Puis apparurent trois autres aiguilles
: deux furent insérées dans l’index et le majeur de la main droite, et une dans le creux de la main gauche. Aussitôt, un fil rouge émergea des fleurs de phénix rouge sang placées de part et d’autre et pénétra lentement dans le corps de Feng Fei à travers les deux aiguilles d’argent plantées dans sa main droite. Au même moment, la fleur de phénix verte à sa gauche subit une transformation similaire.
Ces deux fleurs de phénix, rouges et éclatantes, ont une histoire fascinante. Elles furent le catalyseur de la Rosée Empoisonnée du Vol du Phénix et sont appelées Fleurs Jumelles Envoûtantes, leur pouvoir d'attraction étant reconnu sur les Quatre Continents. Cependant, les Fleurs Jumelles Envoûtantes sont extrêmement difficiles à cultiver ; elles doivent être nourries grâce à l'«
Ivresse de Vie
». À l'instar des narcisses, les Fleurs Jumelles Envoûtantes poussent directement dans l'«
Ivresse de Vie
». Cette «
Ivresse de Vie
» est une liqueur forte particulière, inoffensive pour l'homme, mais capable de cultiver de nombreuses substances étranges et merveilleuses.
La recette de «
Vie ivre
» utilise les mêmes ingrédients principaux, mais les autres ingrédients peuvent varier. Par conséquent, différentes formules de «
Vie ivre
» produiront différents Envoûtements Jumeaux, et une formule de «
Vie ivre
» ne peut résoudre les Envoûtements Jumeaux d'une autre. Cela explique pourquoi Yuan Jue a cherché Bai Zhi pour obtenir «
Vie ivre
» plus tôt.
Après avoir accompli tout cela, Yu Jin et Bai Yu se retirèrent sur le seuil et observèrent en silence l'homme d'âge mûr vêtu de blanc. Ce n'est que lorsqu'il eut fini que Yu Jin prit la parole
: «
Merci pour votre dévouement, Monsieur Jin. Mon maître m'a chargé de vous conduire au repos.
»
M. Jin acquiesça. Tout ce qu'il venait de faire lui avait paru facile, mais cela lui avait demandé un effort mental considérable. Essuyant la sueur de son front, il fit un signe de tête à Yu Jin, puis rangea ses affaires et partit avec elle.

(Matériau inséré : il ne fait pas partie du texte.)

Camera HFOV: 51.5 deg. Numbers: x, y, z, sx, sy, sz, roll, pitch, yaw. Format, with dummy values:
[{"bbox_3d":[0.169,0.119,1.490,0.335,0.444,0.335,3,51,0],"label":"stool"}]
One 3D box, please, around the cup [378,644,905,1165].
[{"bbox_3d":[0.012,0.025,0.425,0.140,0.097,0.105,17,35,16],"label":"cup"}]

Lorsque M. Jin fut parti, Yuan Jue rentra dans la pièce, mais cette fois il ne portait plus sa robe rouge clair d'origine ; il portait à la place un sous-vêtement blanc légèrement transparent.
Bai Yu s'inclina légèrement devant Yuan Jue, et après que Yuan Jue fut entrée, elle se retira et ferma la porte, glissant une soupe fortifiante dans l'entrebâillement.

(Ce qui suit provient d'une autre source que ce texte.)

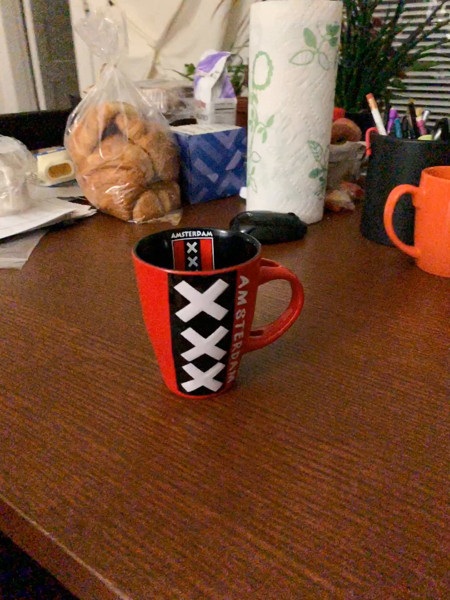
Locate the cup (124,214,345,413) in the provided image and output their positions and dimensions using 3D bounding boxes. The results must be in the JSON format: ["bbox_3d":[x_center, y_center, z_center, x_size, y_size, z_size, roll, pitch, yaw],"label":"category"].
[{"bbox_3d":[0.000,0.004,0.329,0.130,0.099,0.091,-5,27,-9],"label":"cup"}]

Feng Fei, qui se sentait un peu somnolente et désorientée, fut ravie de voir Yuan Jue entrer. Cependant, son corps était faible et les douleurs intermittentes à la tête lui firent oublier la tenue de Yuan Jue.
Yuan Jue contourna lentement la « fourmi morte » et s'approcha du lit. Il fixa « Feng Fei » allongée sur le lit, l'air absent, et une rougeur suspecte apparut sur ses joues.
L'instant d'après, les actions de Yuan Jue stupéfièrent Feng Fei, qui faillit avoir un saignement de nez.
Yuan Jue déboutonna lentement son vêtement, dévoilant sa poitrine puissante. La légère saillante musculature de ses pectoraux fit perdre la tête à Feng Fei, qui en oublia même sa douleur. Il se leva, hébété, mais, trop faible, il s'appuya contre la porte et la fenêtre. Aussitôt, la soupe nourrissante pour l'âme qui s'y trouvait se liquéfia et pénétra dans son corps.
Peu après, Feng Fei sembla avoir retrouvé des forces et s'approcha lentement de Yuan Jue, qui avait dénudé le torse et s'apprêtait à se déshabiller du bas. Il faut bien l'avouer, Feng Fei était une femme lascive. Bientôt, elle se retrouva encerclée par les « fourmis mortes ».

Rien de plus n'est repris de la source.